··· Records for the exercise ···

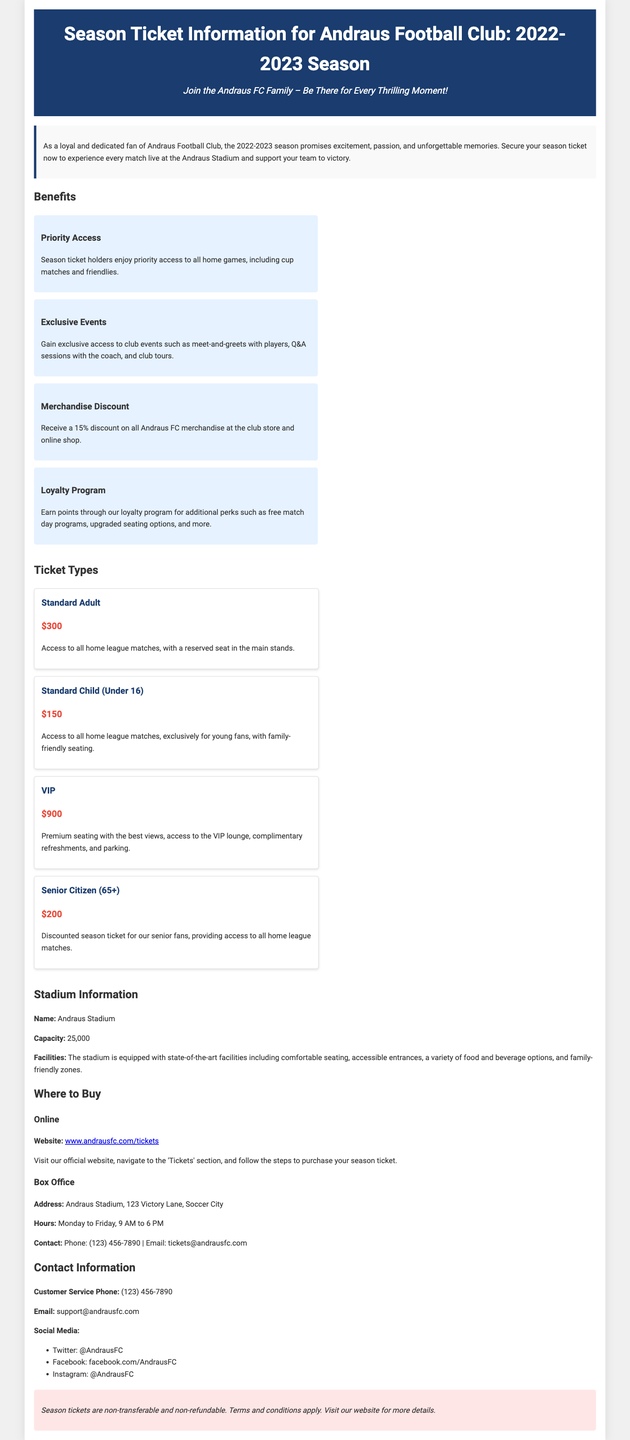What is the price of a Standard Adult season ticket? The price for a Standard Adult season ticket is stated directly in the document.
Answer: $300 What benefits do season ticket holders enjoy? The document lists several benefits available to season ticket holders.
Answer: Priority Access, Exclusive Events, Merchandise Discount, Loyalty Program What is the capacity of the Andraus Stadium? The stadium capacity is clearly mentioned in the stadium information section of the document.
Answer: 25,000 What discount do season ticket holders receive on merchandise? The document specifies the percentage discount applicable to merchandise purchases.
Answer: 15% When can tickets be purchased at the box office? The operational hours for purchasing tickets at the box office are noted in the document.
Answer: Monday to Friday, 9 AM to 6 PM What is the name of the Andraus Football Club's stadium? The document provides the name of the stadium in the stadium information section.
Answer: Andraus Stadium How can one purchase season tickets online? The document instructs readers on how to navigate the website to buy tickets.
Answer: Visit www.andrausfc.com/tickets What is the price of a Senior Citizen season ticket? The document includes the specific price for the Senior Citizen ticket type.
Answer: $200

···

_Problem description:_ Every line of the entries above that contains the word "holders" must be tallied, and the number alone reported.

_Exercise response:_ 2